Speaking of that, it’s these solo sections and instrumental breaks that really tie these jams together. Much of the “regular” song sections – intros, verses and choruses – are made up of rather standard Eric Peterson riffage – not much in the way of originality, but still plenty vicious. But the instrumental breaks often bring on a more complex musicianship, highlighted by some of Hoglan’s best work here and of course Skolnick’s fretboard acrobatics. Testament has long excelled at such techniques, but they really stand out on Dark Roots, leading one to believe that Skolnick had a larger role in the songwriting process this time (which it was reported he did). The result is that all of the songs are elevated even if some of the frameworks may be familiar. And when a song is already fresh, in the cases of the mega fun “Native Blood” or the brooding title track, this extra level of compositional prowess pushes the music over the top. Hell, “Throne Of Thorns” gets downright proggy in its multiple layers, coming damn close to being one of the only “epic” songs the band has ever penned.

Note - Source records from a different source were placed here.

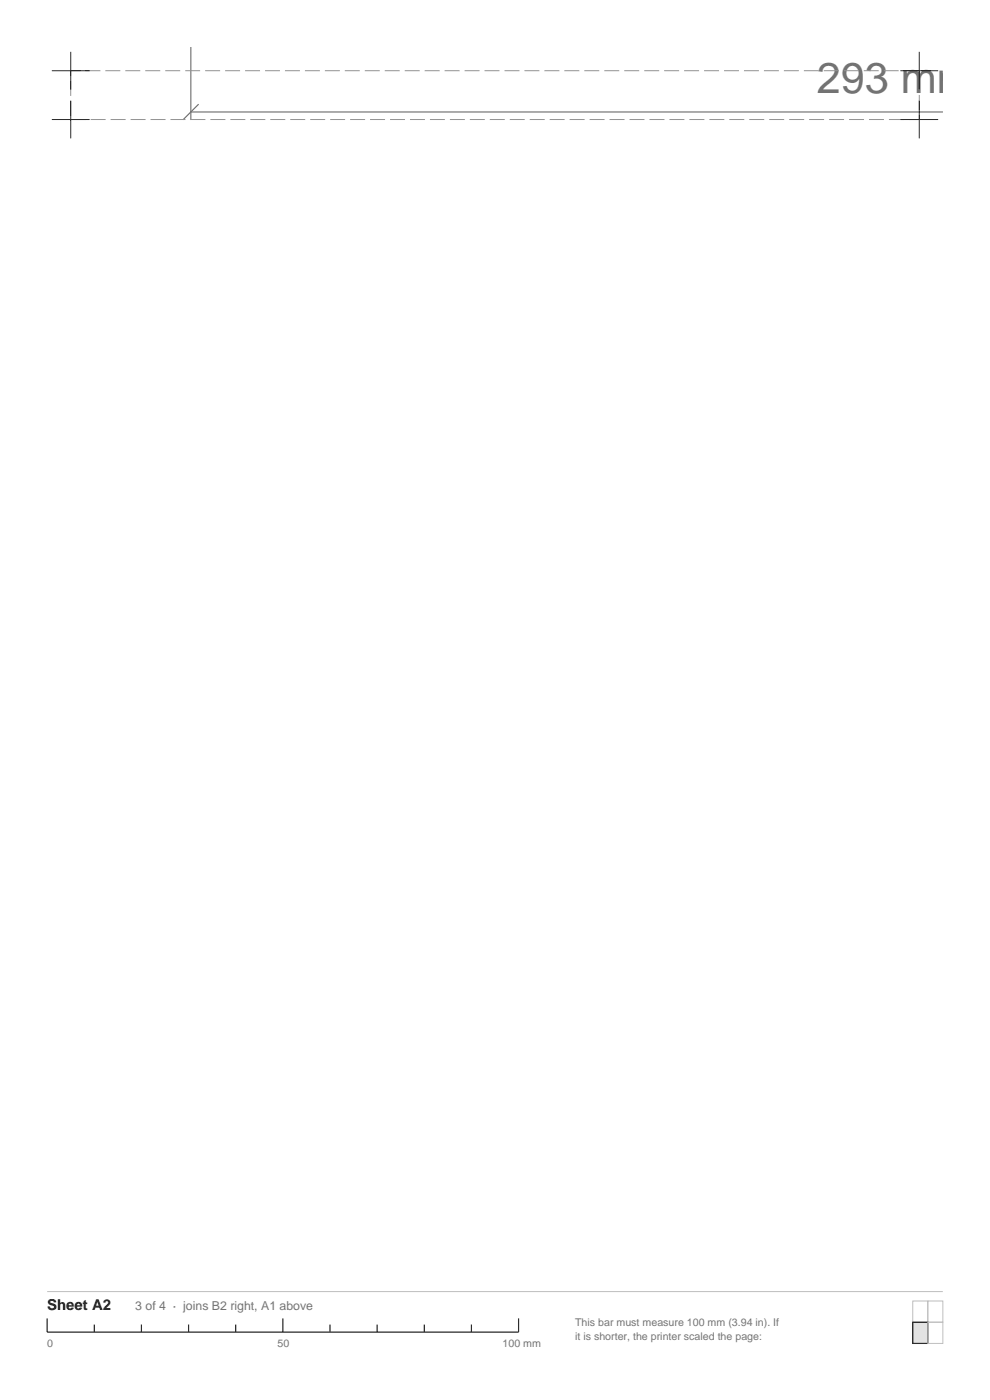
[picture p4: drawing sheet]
<svg xmlns="http://www.w3.org/2000/svg" width="210mm" height="297mm" viewBox="0 0 210 297" stroke-linecap="round" stroke-linejoin="round" font-family="sans-serif">
<defs><g id="words">
<text font-size="9.2" fill="#6b7580" x="173.2" y="19.6">293 mm</text>
<text font-size="3.2" fill="#12171c" x="10" y="278">Sheet A2</text>
<text font-size="2.6" fill="#6b7580" x="28.7" y="278">3 of 4 · joins B2 right, A1 above</text>
<g font-size="2.3" fill="#6b7580">
<text x="122" y="281.2">This bar must measure 100 mm (3.94 in). If</text>
<text x="10" y="285.8">0</text>
<text x="58.9" y="285.8">50</text>
<text x="106.6" y="285.8">100 mm</text>
<text x="122" y="284.3">it is shorter, the printer scaled the page:</text>
</g>
</g></defs>
<path d="M40.5 10v15.4M40.5 23.8h159.5M42.1 22.2l-3.2 3.2" fill="none" stroke="#6b7580" stroke-width=".25"/>
<path d="M15 15h180v10.4h-180z" fill="none" stroke="#8c949e" stroke-width=".21" stroke-dasharray="3.2 1.1" stroke-linecap="butt"/>
<path d="M11 15h8M15 11v8M191 15h8M195 11v8M11 25.4h8M15 21.4v8M191 25.4h8M195 21.4v8" fill="none" stroke="#12171c" stroke-width=".21"/>
<path d="M10 274h190M193.6 276h3.2v4.5h-3.2zM196.8 276h3.2v4.5h-3.2z" fill="none" stroke="#b8bfc7" stroke-width=".21"/>
<path d="M10 279.7v2.9h100v-2.9M60 279.7v2.9M20 281v1.6M30 281v1.6M40 281v1.6M50 281v1.6M70 281v1.6M80 281v1.6M90 281v1.6M100 281v1.6" fill="none" stroke="#12171c" stroke-width=".25"/>
<path d="M193.6 280.5h3.2v4.5h-3.2z" fill="#dbe3e8" stroke="#12171c" stroke-width=".25"/>
<path d="M196.8 280.5h3.2v4.5h-3.2z" fill="none" stroke="#b8bfc7" stroke-width=".21"/>
<use href="#words"/>
</svg>

Dark Roots is also a deceptively efficient album, clocking in at over 50 minutes but seemingly passing by in half of that time. That could be because at any moment someone in the band is doing something awesome, or just a credit to the overall quality of the songs. It’s most likely the latter, but this wouldn’t come through as well without the former. The catchy chorus in “A Day In The Death” wouldn’t be as effective without Chuck’s voice; the soft verses of “Cold Embrace” wouldn’t work without Greg Christian’s moving bass line; and the ball-busting drive of closer “Last Stand For Independence” wouldn’t have a chance to take hold without Hoglan’s ride cymbal wonkery and general mastery of his craft. A great thrash metal record has something cool around every corner. Testament understood that in the 80s, the 90s, the aughties, and now in the whateverthefuckties this new decade will be referred to later on.
Overall, Dark Roots of Earth might not quite reach the new classic status of its predecessor, but it’s an untamed beast in its own right. Honestly, I could see Testament fans being divided on which one is actually better, a (ahem) testament to the band’s complete and total resurgence. The album is chock full of great new thrash songs, which is what the band enjoys playing and their fans enjoy hearing, and often makes a glorious dip into the past. So for Testament, and their few true peers (colleagues), getting old is not such a bitch, merely a new adventure and set of experiences through which to filter some continually excellent heavy metal music. The year of thrash continues, brought to you almost exclusively by the 45-and-older crowd.